DAOs, responded to this publication by removing all public access to data that could lead to the identification of the research participants. These data are now made available to users that either have been granted access only to the summary data or have access to the individual genotypes, and hence, would be able to produce the same results. The EGA is able to provide summary data from studies archived in our system for other EBI resources or to other ESFRI projects should the policy change in the future.

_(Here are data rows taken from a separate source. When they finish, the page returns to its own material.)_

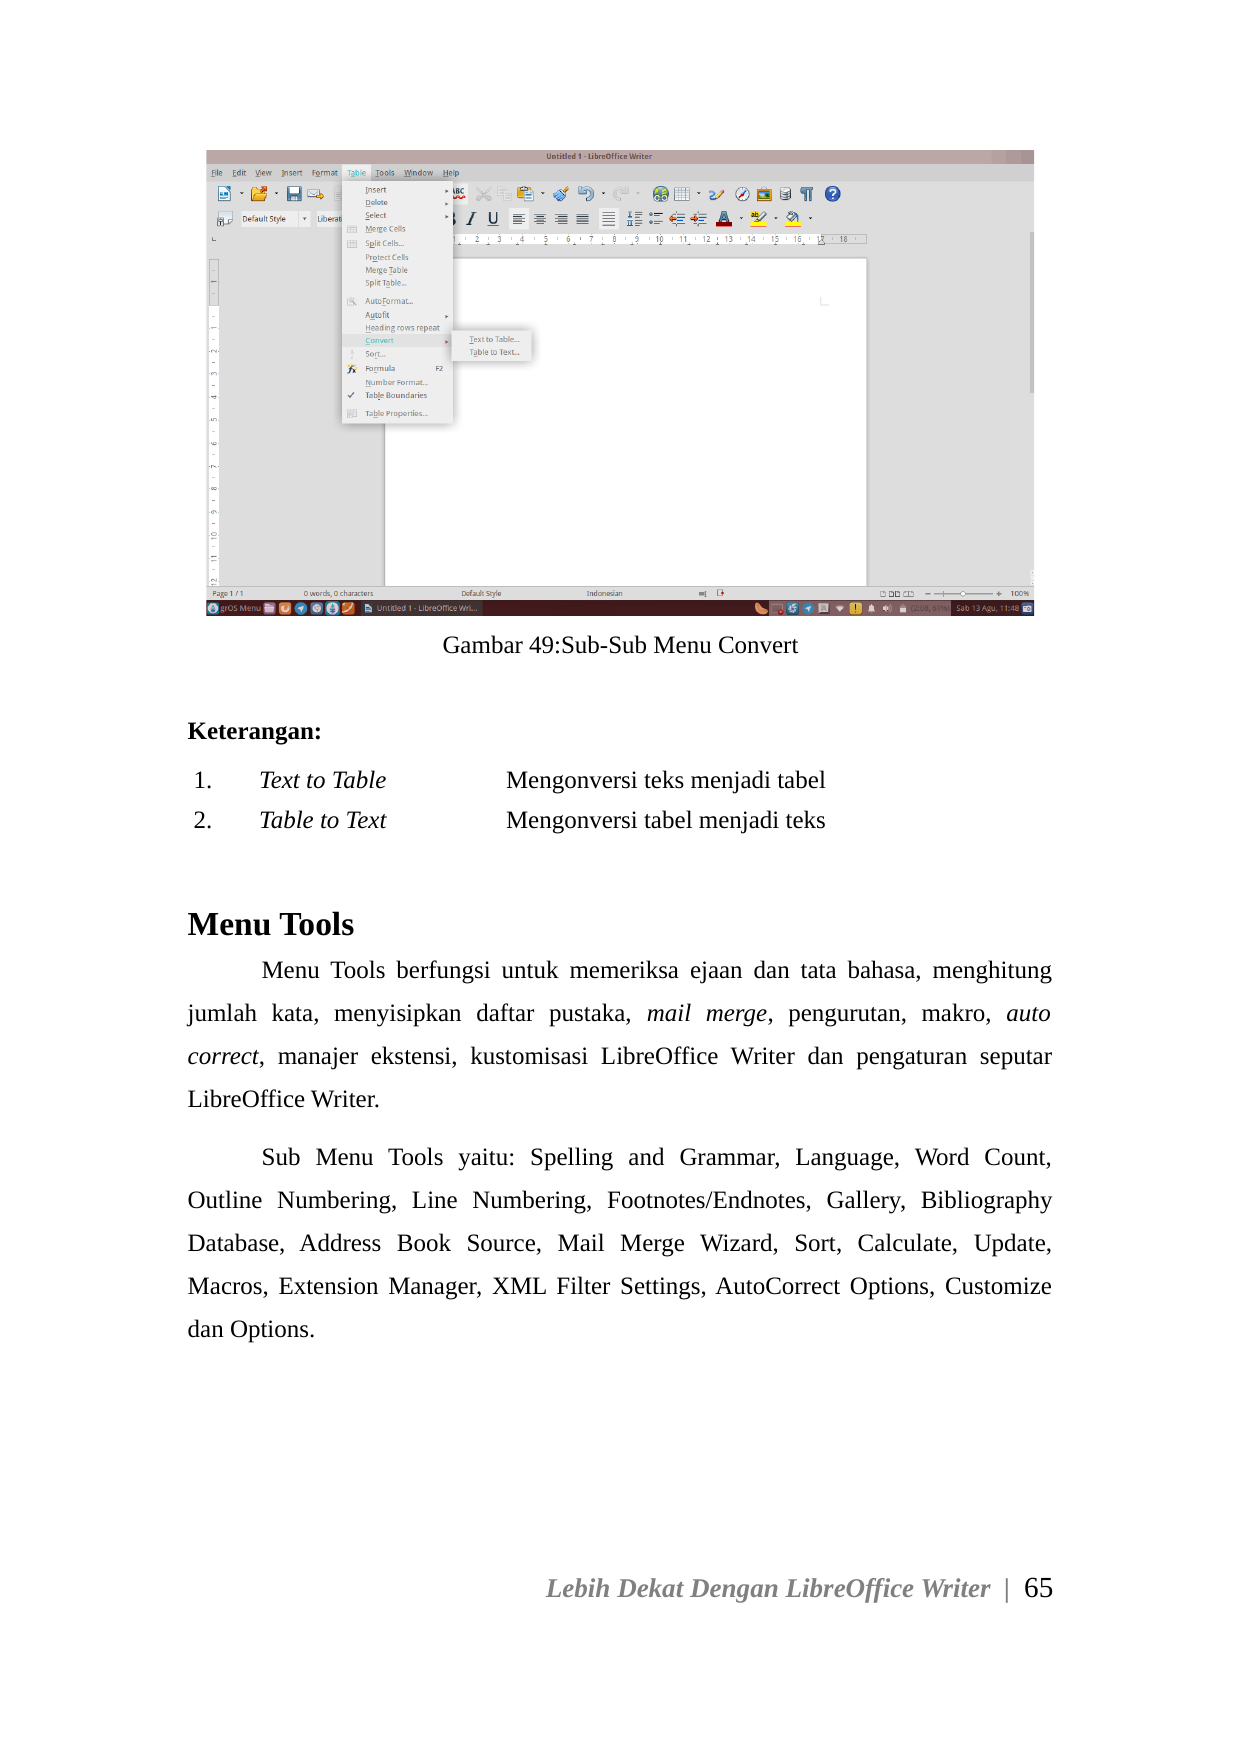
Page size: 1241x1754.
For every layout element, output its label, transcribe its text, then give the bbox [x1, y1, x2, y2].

picture [206, 150, 1035, 616]
table_header Text to Table [253, 759, 500, 799]
table_cell 2. [188, 800, 253, 840]
text Keterangan: [187, 716, 1053, 745]
subtitle Menu Tools [187, 904, 1053, 942]
table_cell Table to Text [253, 800, 500, 840]
table_header Mengonversi teks menjadi tabel [500, 759, 1103, 799]
text Menu Tools berfungsi untuk memeriksa ejaan dan tata bahasa, menghitung jumlah kata, menyisipkan daftar pustaka, mail merge, pengurutan, makro, auto correct, manajer ekstensi, kustomisasi LibreOffice Writer dan pengaturan seputar LibreOffice Writer. [187, 955, 1053, 1113]
table_header 1. [188, 759, 253, 799]
text Gambar 49:Sub-Sub Menu Convert [187, 627, 1053, 659]
text Sub Menu Tools yaitu: Spelling and Grammar, Language, Word Count, Outline Numbering, Line Numbering, Footnotes/Endnotes, Gallery, Bibliography Database, Address Book Source, Mail Merge Wizard, Sort, Calculate, Update, Macros, Extension Manager, XML Filter Settings, AutoCorrect Options, Customize dan Options. [187, 1142, 1053, 1343]
table_cell Mengonversi tabel menjadi teks [500, 800, 1103, 840]
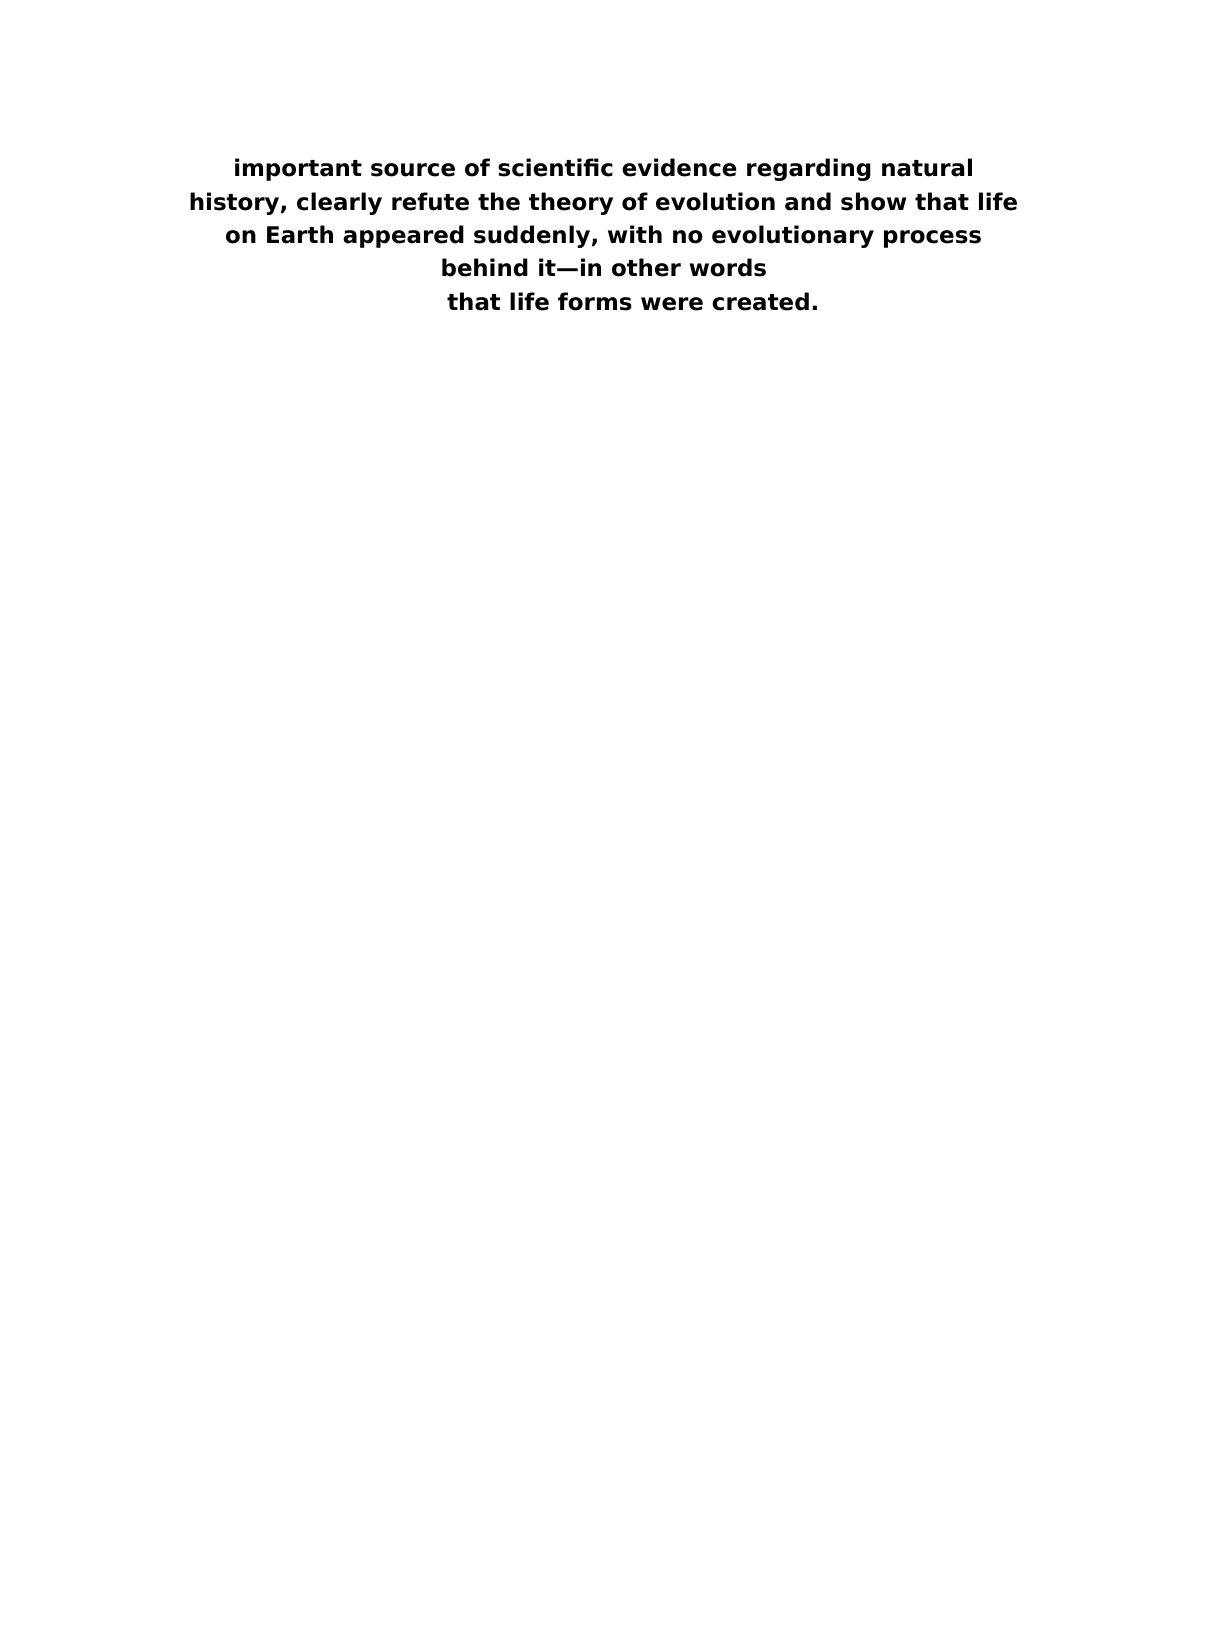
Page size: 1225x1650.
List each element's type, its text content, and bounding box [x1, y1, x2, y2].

text that life forms were created. [187, 283, 1020, 317]
text important source of scientific evidence regarding natural history, clearly refute the theory of evolution and show that life on Earth appeared suddenly, with no evolutionary process behind it—in other words [187, 150, 1020, 283]
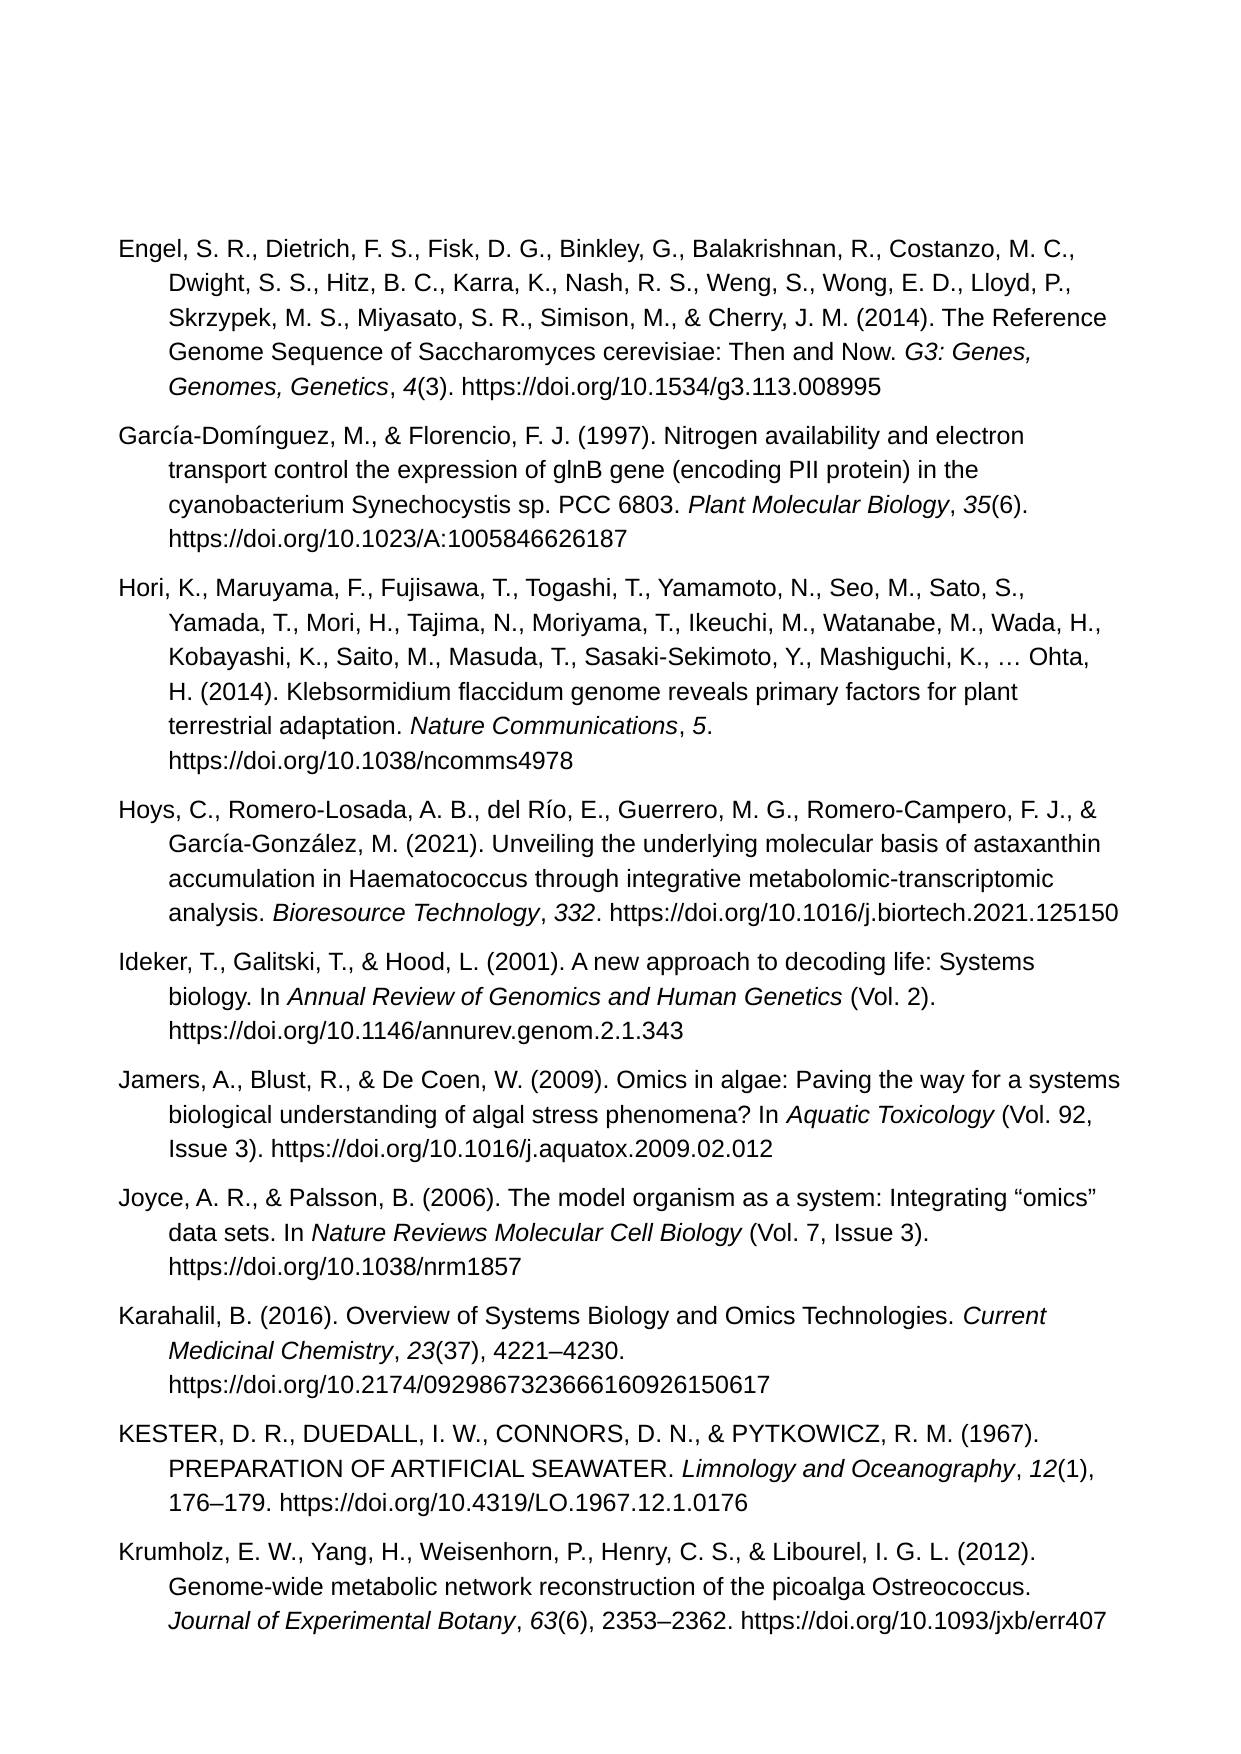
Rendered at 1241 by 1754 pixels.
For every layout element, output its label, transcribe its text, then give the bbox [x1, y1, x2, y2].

Summary The EGA service has been used successfully since April 2008 and currently manages genetic and phenotypic information for approximately 80 000 samples listed in more than 40 different studies and serve 1700 authorized data users worldwide. These data include samples that are stored in European BioBanks such as the UK DNA Banking Network. The EGA provides appropriate security and has built a robust and scalable infrastructure that is responsive to changes in the science and regulatory environment. Taken as a whole, it is clear that the operation of the EGA as a service is technically feasible and that that EGA can be used as a critical tool for ELIXIR and European ESFRI projects.